What you are asked to do ::
Only the lines that include "width" should be copied from the data below.

Records from a data source
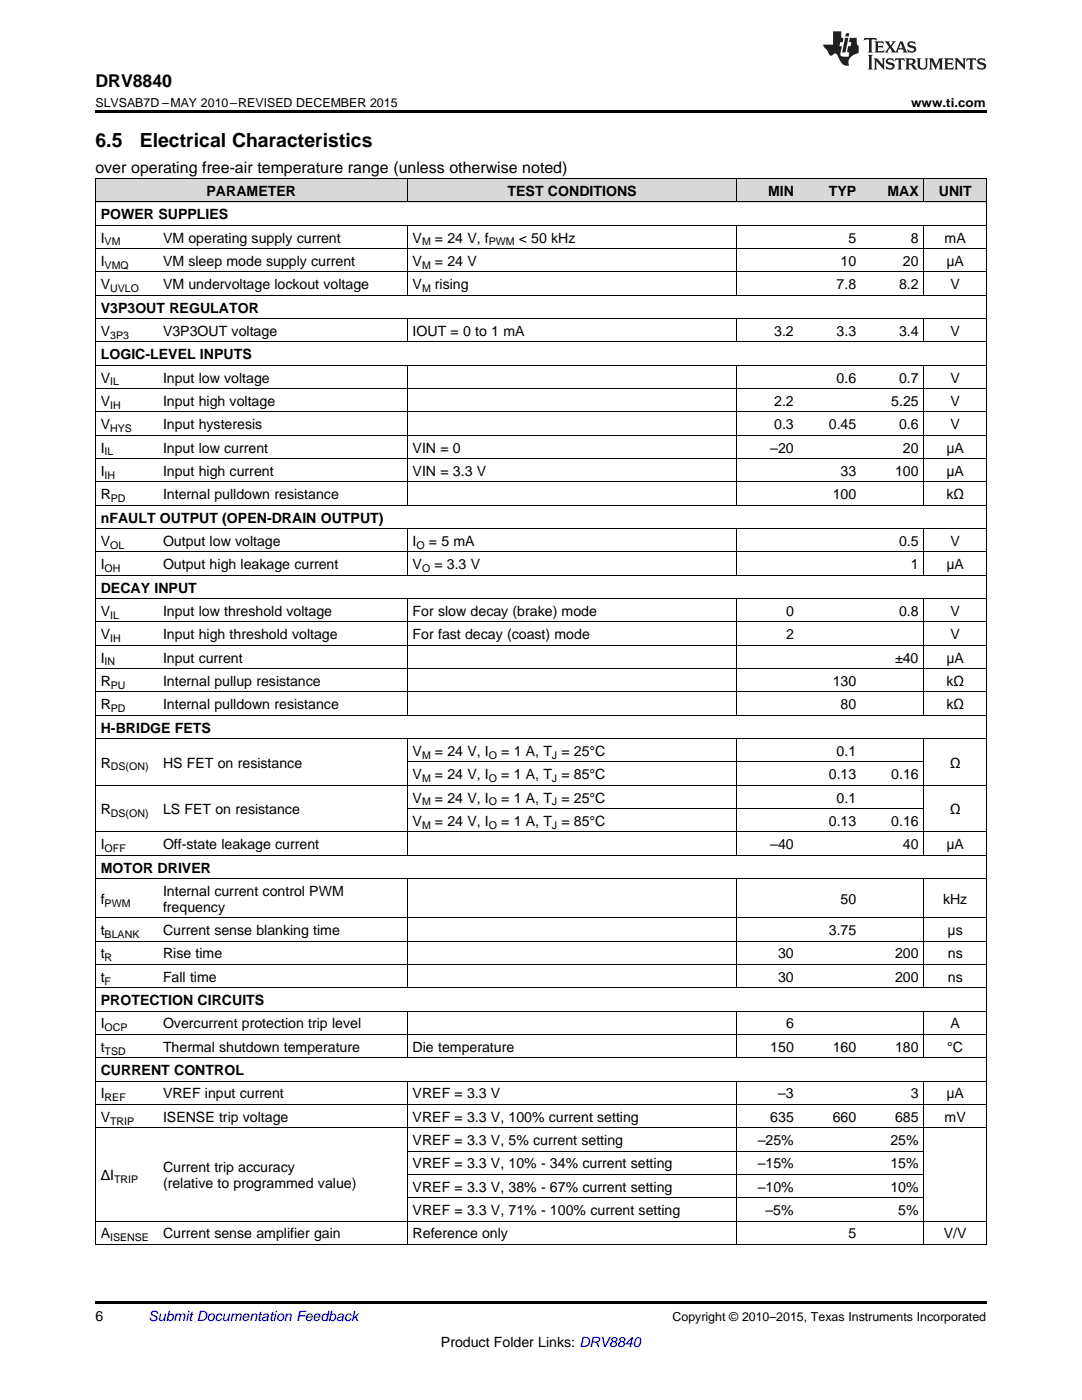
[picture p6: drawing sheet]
<svg xmlns="http://www.w3.org/2000/svg" width="216mm" height="279mm" viewBox="0 0 216 279" stroke-linecap="round" stroke-linejoin="round" font-family="sans-serif">
<defs><g id="words">
<g font-size="3.9">
<text x="19" y="29.3">6.5</text>
<text x="27.9" y="29.3">Electrical Characteristics</text>
</g>
<text font-size="3.5" x="19" y="17.3">DRV8840</text>
<text font-size="3.2" x="19" y="34.4">over operating free-air temperature range (unless otherwise noted)</text>
<g font-size="2.8">
<text x="41.2" y="39.1">PARAMETER</text>
<text x="101.3" y="39.1">TEST CONDITIONS</text>
<text x="153.2" y="39.1">MIN</text>
<text x="165.4" y="39.1">TYP</text>
<text x="177.1" y="39.1">MAX</text>
<text x="187.3" y="39.1">UNIT</text>
<text x="20.1" y="43.7">POWER SUPPLIES</text>
<text x="20.1" y="48.4">I</text>
<text x="20.1" y="53.1">I</text>
<text x="32.5" y="48.4">VM operating supply current</text>
<text x="32.5" y="53.1">VM sleep mode supply current</text>
<text x="82.3" y="48.4">V</text>
<text x="82.3" y="53.1">V</text>
<text x="86.8" y="48.4">= 24 V, f</text>
<text x="86.8" y="53.1">= 24 V</text>
<text x="103.5" y="48.4">&lt; 50 kHz</text>
<text x="167.7" y="53.1">10</text>
<text x="169.3" y="48.4">5</text>
<text x="180.2" y="53.1">20</text>
<text x="181.8" y="48.4">8</text>
<text x="188.5" y="48.4">mA</text>
<text x="188.8" y="53.1">μA</text>
<text x="20.1" y="57.7">V</text>
<text x="32.5" y="57.7">VM undervoltage lockout voltage</text>
<text x="82.3" y="57.7">V</text>
<text x="86.8" y="57.7">rising</text>
<text x="166.9" y="57.7">7.8</text>
<text x="179.4" y="57.7">8.2</text>
<text x="189.7" y="57.7">V</text>
<text x="20.1" y="62.4">V3P3OUT REGULATOR</text>
<text x="20.1" y="67">V</text>
<text x="20.1" y="71.7">LOGIC-LEVEL INPUTS</text>
<text x="32.5" y="67">V3P3OUT voltage</text>
<text x="82.3" y="67">IOUT = 0 to 1 mA</text>
<text x="154.5" y="67">3.2</text>
<text x="166.9" y="67">3.3</text>
<text x="179.4" y="67">3.4</text>
<text x="189.7" y="67">V</text>
<text x="20.1" y="76.3">V</text>
<text x="32.5" y="76.3">Input low voltage</text>
<text x="166.9" y="76.3">0.6</text>
<text x="179.4" y="76.3">0.7</text>
<text x="189.7" y="76.3">V</text>
<text x="20.1" y="81">V</text>
<text x="32.5" y="81">Input high voltage</text>
<text x="154.5" y="81">2.2</text>
<text x="177.8" y="81">5.25</text>
<text x="189.7" y="81">V</text>
<text x="20.1" y="85.7">V</text>
<text x="32.5" y="85.7">Input hysteresis</text>
<text x="154.5" y="85.7">0.3</text>
<text x="165.4" y="85.7">0.45</text>
<text x="179.4" y="85.7">0.6</text>
<text x="189.7" y="85.7">V</text>
<text x="20.1" y="90.3">I</text>
<text x="20.1" y="95">I</text>
<text x="32.5" y="90.3">Input low current</text>
<text x="32.5" y="95">Input high current</text>
<text x="82.3" y="90.3">VIN = 0</text>
<text x="82.3" y="95">VIN = 3.3 V</text>
<text x="153.7" y="90.3">–20</text>
<text x="167.7" y="95">33</text>
<text x="178.6" y="95">100</text>
<text x="180.2" y="90.3">20</text>
<text x="188.8" y="90.3">μA</text>
<text x="188.8" y="95">μA</text>
<text x="20.1" y="99.6">R</text>
<text x="32.5" y="99.6">Internal pulldown resistance</text>
<text x="166.2" y="99.6">100</text>
<text x="188.8" y="99.6">kΩ</text>
<text x="20.1" y="104.3">nFAULT OUTPUT (OPEN-DRAIN OUTPUT)</text>
<text x="20.1" y="108.9">V</text>
<text x="20.1" y="113.6">I</text>
<text x="32.5" y="108.9">Output low voltage</text>
<text x="32.5" y="113.6">Output high leakage current</text>
<text x="82.3" y="108.9">I</text>
<text x="82.3" y="113.6">V</text>
<text x="85.6" y="108.9">= 5 mA</text>
<text x="86.7" y="113.6">= 3.3 V</text>
<text x="179.4" y="108.9">0.5</text>
<text x="181.8" y="113.6">1</text>
<text x="188.8" y="113.6">μA</text>
<text x="189.7" y="108.9">V</text>
<text x="20.1" y="118.3">DECAY INPUT</text>
<text x="20.1" y="122.9">V</text>
<text x="32.5" y="122.9">Input low threshold voltage</text>
<text x="82.3" y="122.9">For slow decay (brake) mode</text>
<text x="156.8" y="122.9">0</text>
<text x="179.4" y="122.9">0.8</text>
<text x="189.7" y="122.9">V</text>
<text x="20.1" y="127.6">V</text>
<text x="32.5" y="127.6">Input high threshold voltage</text>
<text x="82.3" y="127.6">For fast decay (coast) mode</text>
<text x="156.8" y="127.6">2</text>
<text x="189.7" y="127.6">V</text>
<text x="20.1" y="132.2">I</text>
<text x="20.1" y="136.9">R</text>
<text x="32.5" y="132.2">Input current</text>
<text x="32.5" y="136.9">Internal pullup resistance</text>
<text x="166.2" y="136.9">130</text>
<text x="178.6" y="132.2">±40</text>
<text x="188.8" y="132.2">μA</text>
<text x="188.8" y="136.9">kΩ</text>
<text x="20.1" y="141.5">R</text>
<text x="32.5" y="141.5">Internal pulldown resistance</text>
<text x="167.7" y="141.5">80</text>
<text x="188.8" y="141.5">kΩ</text>
<text x="20.1" y="146.2">H-BRIDGE FETS</text>
<text x="20.1" y="153.2">R</text>
<text x="32.5" y="153.2">HS FET on resistance</text>
<text x="82.3" y="150.8">V</text>
<text x="82.3" y="155.5">V</text>
<text x="86.8" y="150.8">= 24 V, I</text>
<text x="86.8" y="155.5">= 24 V, I</text>
<text x="100" y="150.8">= 1 A, T = 25°C</text>
<text x="100" y="155.5">= 1 A, T = 85°C</text>
<text x="165.4" y="155.5">0.13</text>
<text x="166.9" y="150.8">0.1</text>
<text x="177.8" y="155.5">0.16</text>
<text x="189.5" y="153.2">Ω</text>
<text x="82.3" y="160.2">V</text>
<text x="86.8" y="160.2">= 24 V, I</text>
<text x="100" y="160.2">= 1 A, T = 25°C</text>
<text x="166.9" y="160.2">0.1</text>
<text x="20.1" y="162.5">R</text>
<text x="32.5" y="162.5">LS FET on resistance</text>
<text x="82.3" y="164.8">V</text>
<text x="86.8" y="164.8">= 24 V, I</text>
<text x="100" y="164.8">= 1 A, T = 85°C</text>
<text x="165.4" y="164.8">0.13</text>
<text x="177.8" y="164.8">0.16</text>
<text x="189.5" y="162.5">Ω</text>
<text x="20.1" y="169.5">I</text>
<text x="32.5" y="169.5">Off-state leakage current</text>
<text x="153.7" y="169.5">–40</text>
<text x="180.2" y="169.5">40</text>
<text x="188.8" y="169.5">μA</text>
<text x="20.1" y="174.1">MOTOR DRIVER</text>
<text x="32.5" y="178.8">Internal current control PWM</text>
<text x="20.1" y="180.4">f</text>
<text x="32.5" y="182">frequency</text>
<text x="167.7" y="180.4">50</text>
<text x="188.2" y="180.4">kHz</text>
<text x="20.1" y="186.6">t</text>
<text x="20.1" y="191.3">t</text>
<text x="32.5" y="186.6">Current sense blanking time</text>
<text x="32.5" y="191.3">Rise time</text>
<text x="155.3" y="191.3">30</text>
<text x="165.4" y="186.6">3.75</text>
<text x="178.6" y="191.3">200</text>
<text x="189.1" y="186.6">μs</text>
<text x="189.1" y="191.3">ns</text>
<text x="20.1" y="195.9">t</text>
<text x="32.5" y="195.9">Fall time</text>
<text x="155.3" y="195.9">30</text>
<text x="178.6" y="195.9">200</text>
<text x="189.1" y="195.9">ns</text>
<text x="20.1" y="200.6">PROTECTION CIRCUITS</text>
<text x="20.1" y="205.2">I</text>
<text x="20.1" y="209.9">t</text>
<text x="32.5" y="205.2">Overcurrent protection trip level</text>
<text x="32.5" y="209.9">Thermal shutdown temperature</text>
<text x="82.3" y="209.9">Die temperature</text>
<text x="153.7" y="209.9">150</text>
<text x="156.8" y="205.2">6</text>
<text x="166.2" y="209.9">160</text>
<text x="178.6" y="209.9">180</text>
<text x="189" y="209.9">°C</text>
<text x="189.7" y="205.2">A</text>
<text x="20.1" y="214.6">CURRENT CONTROL</text>
<text x="20.1" y="219.2">I</text>
<text x="32.5" y="219.2">VREF input current</text>
<text x="82.3" y="219.2">VREF = 3.3 V</text>
<text x="155.3" y="219.2">–3</text>
<text x="181.8" y="219.2">3</text>
<text x="188.8" y="219.2">μA</text>
<text x="20.1" y="223.9">V</text>
<text x="32.5" y="223.9">ISENSE trip voltage</text>
<text x="82.3" y="223.9">VREF = 3.3 V, 100% current setting</text>
<text x="153.7" y="223.9">635</text>
<text x="166.2" y="223.9">660</text>
<text x="178.6" y="223.9">685</text>
<text x="188.5" y="223.9">mV</text>
<text x="32.5" y="233.9">Current trip accuracy</text>
<text x="82.3" y="228.5">VREF = 3.3 V, 5% current setting</text>
<text x="82.3" y="233.2">VREF = 3.3 V, 10% - 34% current setting</text>
<text x="151.2" y="228.5">–25%</text>
<text x="151.2" y="233.2">–15%</text>
<text x="177.7" y="228.5">25%</text>
<text x="177.7" y="233.2">15%</text>
<text x="20.1" y="235.5">ΔI</text>
<text x="32.5" y="237.1">(relative to programmed value)</text>
<text x="82.3" y="237.8">VREF = 3.3 V, 38% - 67% current setting</text>
<text x="151.2" y="237.8">–10%</text>
<text x="177.7" y="237.8">10%</text>
<text x="82.3" y="242.5">VREF = 3.3 V, 71% - 100% current setting</text>
<text x="152.8" y="242.5">–5%</text>
<text x="179.2" y="242.5">5%</text>
<text x="20.1" y="247.2">A</text>
<text x="32.5" y="247.2">Current sense amplifier gain</text>
<text x="82.3" y="247.2">Reference only</text>
<text x="169.3" y="247.2">5</text>
<text x="188.3" y="247.2">V/V</text>
<text x="19" y="263.6">6</text>
<text x="88" y="268.9">Product Folder Links: DRV8840</text>
</g>
<text font-size="2.8" fill="#0000c8" x="29.6" y="263.6">Submit Documentation Feedback</text>
<g font-size="2.5">
<text x="19" y="21.4">SLVSAB7D –MAY 2010–REVISED DECEMBER 2015</text>
<text x="181.8" y="21.4">www.ti.com</text>
<text x="134.2" y="263.6">Copyright © 2010–2015, Texas Instruments Incorporated</text>
</g>
<g font-size="2.1">
<text x="20.9" y="49">VM</text>
<text x="20.9" y="53.6">VMQ</text>
<text x="84.2" y="49">M</text>
<text x="84.2" y="53.6">M</text>
<text x="97.5" y="49">PWM</text>
<text x="22" y="58.3">UVLO</text>
<text x="84.2" y="58.3">M</text>
<text x="22" y="67.6">3P3</text>
<text x="22" y="76.9">IL</text>
<text x="22" y="81.6">IH</text>
<text x="22" y="86.2">HYS</text>
<text x="20.9" y="90.9">IL</text>
<text x="20.9" y="95.5">IH</text>
<text x="22.1" y="100.2">PD</text>
<text x="22" y="109.5">OL</text>
<text x="83.1" y="109.5">O</text>
<text x="20.9" y="114.2">OH</text>
<text x="84.2" y="114.2">O</text>
<text x="22" y="123.5">IL</text>
<text x="22" y="128.1">IH</text>
<text x="20.9" y="132.8">IN</text>
<text x="22.1" y="137.4">PU</text>
<text x="22.1" y="142.1">PD</text>
<text x="22.1" y="153.7">DS(ON)</text>
<text x="84.2" y="151.4">M</text>
<text x="97.5" y="151.4">O</text>
<text x="110.1" y="151.4">J</text>
<text x="84.2" y="156.1">M</text>
<text x="84.2" y="160.7">M</text>
<text x="97.5" y="156.1">O</text>
<text x="97.5" y="160.7">O</text>
<text x="110.1" y="156.1">J</text>
<text x="110.1" y="160.7">J</text>
<text x="22.1" y="163.1">DS(ON)</text>
<text x="84.2" y="165.4">M</text>
<text x="97.5" y="165.4">O</text>
<text x="110.1" y="165.4">J</text>
<text x="20.9" y="170">OFF</text>
<text x="20.9" y="180.9">PWM</text>
<text x="20.9" y="187.2">BLANK</text>
<text x="20.9" y="191.8">R</text>
<text x="20.9" y="196.5">F</text>
<text x="20.9" y="205.8">OCP</text>
<text x="20.9" y="210.5">TSD</text>
<text x="20.9" y="219.8">REF</text>
<text x="22" y="224.4">TRIP</text>
<text x="22.8" y="236.1">TRIP</text>
<text x="22" y="247.7">ISENSE</text>
</g>
</g></defs>
<g fill="#d8d8d8">
<path d="M19 35.7h12.5v4.7h-12.5z"/>
<path d="M31.5 35.7h49.8v4.7h-49.8z"/>
<path d="M81.3 35.7h65.7v4.7h-65.7z"/>
<path d="M147 35.7h12.5v4.7h-12.5z"/>
<path d="M159.5 35.7h12.4v4.7h-12.4z"/>
<path d="M171.9 35.7h12.5v4.7h-12.5z"/>
<path d="M184.4 35.7h12.4v4.7h-12.4z"/>
</g>
<path d="M19 22h177.8v.5h-177.8zM19 248.4h.2zM81.2 248.4h.1zM146.9 248.4h.1zM159.4 248.4h.1zM171.8 248.4h.1zM184.3 248.4h.1zM196.7 248.4h.1zM19 259.7h177.8v.5h-177.8z" fill="#000"/>
<g fill="none" stroke="#000" stroke-width=".2">
<path d="M19 35.6l177.8 .1v212.7M19.1 35.7v212.7M81.2 35.7v4.7M147 35.7v4.7M184.3 35.7v4.7M19 58.9h177.8M19 54.3h177.8M19 49.6h177.8M19 45h177.8M19 40.3h177.8M81.2 45v14M147 45v14"/>
<path d="M184.3 45v14M19 77.6h177.8M19 72.9h177.8M19 68.2h177.8M19 63.6h177.8M81.2 63.6v4.7M81.2 72.9v28M147 63.6v4.7M147 72.9v28M184.3 63.6v4.7M184.3 72.9v28M19 96.2h177.8"/>
<path d="M19 91.5h177.8M19 86.9h177.8M19 82.2h177.8M19 119.5h177.8M19 114.8h177.8M19 110.2h177.8M19 105.5h177.8M19 100.8h177.8M81.2 105.5v9.4M81.2 119.5v23.3M147 105.5v9.4M147 119.5v23.3"/>
<path d="M184.3 105.5v9.4M184.3 119.5v23.3M19 138.1h177.8M19 133.4h177.8M19 128.8h177.8M19 124.1h177.8M19 156.7h177.8M19 147.4h177.8M19 142.8h177.8M81.2 147.4v23.3M81.3 152.1h103.1M147 147.4v23.3"/>
<path d="M184.3 147.4v23.3M19 175.3h177.8M19 170.7h177.8M19 166h177.8M81.2 175.4v21.8M81.3 161.4h103.1M147 175.4v21.8M184.3 175.4v21.8M19 197.1h177.8M19 192.5h177.8M19 187.8h177.8M19 183.2h177.8"/>
<path d="M19 215.8h177.8M19 211.1h177.8M19 206.5h177.8M19 201.8h177.8M81.2 201.8v9.4M81.2 215.8v32.6M147 201.8v9.4M147 215.8v32.6M184.3 201.8v9.4M184.3 215.8v32.6M19 225.1h177.8M19 220.4h177.8"/>
<path d="M81.3 239.1h103.1M81.3 234.4h103.1M81.3 229.7h103.1M19 248.4h177.8M19 243.7h177.8"/>
</g>
<g fill="#231f20">
<path d="M172.5 7.6l-.1 .5 .4-.2h.6v.1v2.1l-.2 .4h.9l-.2-.4v-2.1l.1-.1h.5l.5 .2-.2-.5zM174.5 8.3l.2 .3v1.5l-.2 .4h1.8l.2-.6a1.04 1.04 0 0 1-1.3 .2v-.7h.6l.3 .2v-.6l-.3 .2h-.6v-.6l.8-.1 .4 .3-.2-.5zM176.5 8.3l.9 1.1-.9 1.1h.8l-.2-.2 .4-.7 .5 .7-.2 .2h1.5l-.2-.2 .2-.4h.9l.1 .4-.2 .2h1l-.3-.3-.7-1.9h-.5l-.9 2-.8-1 .9-1h-.8l.1 .3-.4 .5-.3-.6 .1-.2zM179.7 8.6l.4 1h-.7zM181.3 8.4a.63 .63 0 0 0-.2 .7 .63 .63 0 0 0 .6 .4l.6 .2 .1 .2a.75 .75 0 0 1-.7 .4 .75 .75 0 0 1-.6-.5l.1 .7 .1-.1a1.11 1.11 0 0 0 1.5-.6 1.13 1.13 0 0 0-1.2-.8l-.1-.4a1.04 1.04 0 0 1 1.2 .2l-.2-.5-.2 .1-.4-.2zM173.2 10.9l.2 .4v2.2l-.2 .4h1l-.3-.4v-2.2l.3-.4zM174.3 11.6l.3 .4v1.5l-.3 .4h.8l-.2-.4v-1.3l1.5 1.7v-1.9l.2-.4h-.7l.2 .4v.9l-1.1-1.3zM177 11.8a.62 .62 0 0 0-.2 .7 .62 .62 0 0 0 .6 .4l.6 .1 .1 .3a.76 .76 0 0 1-.7 .3 .76 .76 0 0 1-.7-.4l.2 .7 .1-.1a1.11 1.11 0 0 0 1.5-.6 1.13 1.13 0 0 0-1.2-.8l-.1-.4a1.04 1.04 0 0 1 1.2 .2l-.2-.6-.2 .1-.5-.1zM178.7 11.6l-.2 .6a.61 .61 0 0 1 .8-.3v1.6l-.2 .4h.9l-.2-.4v-1.6a.63 .63 0 0 1 .7 .3l-.1-.6zM180.6 11.6l.3 .4v1.5l-.3 .4h1l-.2-.2-.1-.8 .6 .2a.76 .76 0 0 0 1.2 .7l-1-1a.58 .58 0 0 0 .6-.5 .58 .58 0 0 0-.5-.6zM181.4 11.9h.1a.45 .45 0 0 1 .5 .1 .45 .45 0 0 1 .1 .5l-.8 .2zM182.9 11.6l.2 .2a2.17 2.17 0 0 0 .3 1.9 .99 .99 0 0 0 1.6-.6v-1.1l.2-.4h-.7l.2 .2a1.92 1.92 0 0 1-.2 1.8 .6 .6 0 0 1-.9-.5v-1.1l.2-.4zM185.4 11.6l.2 .4v1.5l-.2 .4h.7l-.2-.4v-1.4l.8 1.8 .8-1.8v1.4l-.2 .4h.9l-.2-.4v-1.5l.2-.4h-.8l-.6 1.5-.6-1.5zM188.4 11.6l.2 .4v1.5l-.2 .4h1.8l.1-.6a1.04 1.04 0 0 1-1.2 .1v-.6h.5l.4 .2v-.6l-.4 .2h-.5v-.7h.8l.3 .3-.1-.6zM190.5 11.6l.2 .4v1.5l-.2 .4h.7l-.2-.4v-1.3l1.5 1.7v-1.9l.2-.4h-.7l.2 .4v.9l-1.1-1.3zM192.9 11.6l-.1 .6a.61 .61 0 0 1 .7-.3l.1 1.6-.3 .4h1l-.3-.4 .1-1.6a.63 .63 0 0 1 .7 .3l-.1-.6zM195.2 11.8a.62 .62 0 0 0-.2 .7 .62 .62 0 0 0 .6 .4l.6 .1 .1 .3a.76 .76 0 0 1-.7 .3 .76 .76 0 0 1-.6-.4l.1 .7 .1-.1a1.11 1.11 0 0 0 1.6-.6 1.13 1.13 0 0 0-1.3-.8l-.1-.4a1.04 1.04 0 0 1 1.2 .2l-.1-.6-.2 .1-.5-.1z"/>
<path d="M166.2 6.3v2.6h-1.9v.4l.8 .9a.91 .91 0 0 0 1 .8 .56 .56 0 0 1 .5-.3 .56 .56 0 0 1 .5 .3l.4 .8a1.53 1.53 0 0 0 1.9 1.2 1.54 1.54 0 0 1 1-2.1l.9-.3v-1.4a1.52 1.52 0 0 1-.4-1.6h-1.3l-.2 .8h.5l-.2 .8h-.5l-.1 1v.2l.4 .1-.2 .8a1.93 1.93 0 0 1-1.6-.3l.3-1.8h-.5l.2-.8h.4l.2-.8h-.4v-1.3zM168.6 7.6l-.6 2.9h.7l.6-2.9zM168.8 6.6l-.1 .7h.6l.2-.7z"/>
</g>
<use href="#words"/>
</svg>

Response to this task ::
<svg xmlns="http://www.w3.org/2000/svg" width="216mm" height="279mm" viewBox="0 0 216 279" stroke-linecap="round" stroke-linejoin="round" font-family="sans-serif">
<g fill="none" stroke="#000" stroke-width=".2">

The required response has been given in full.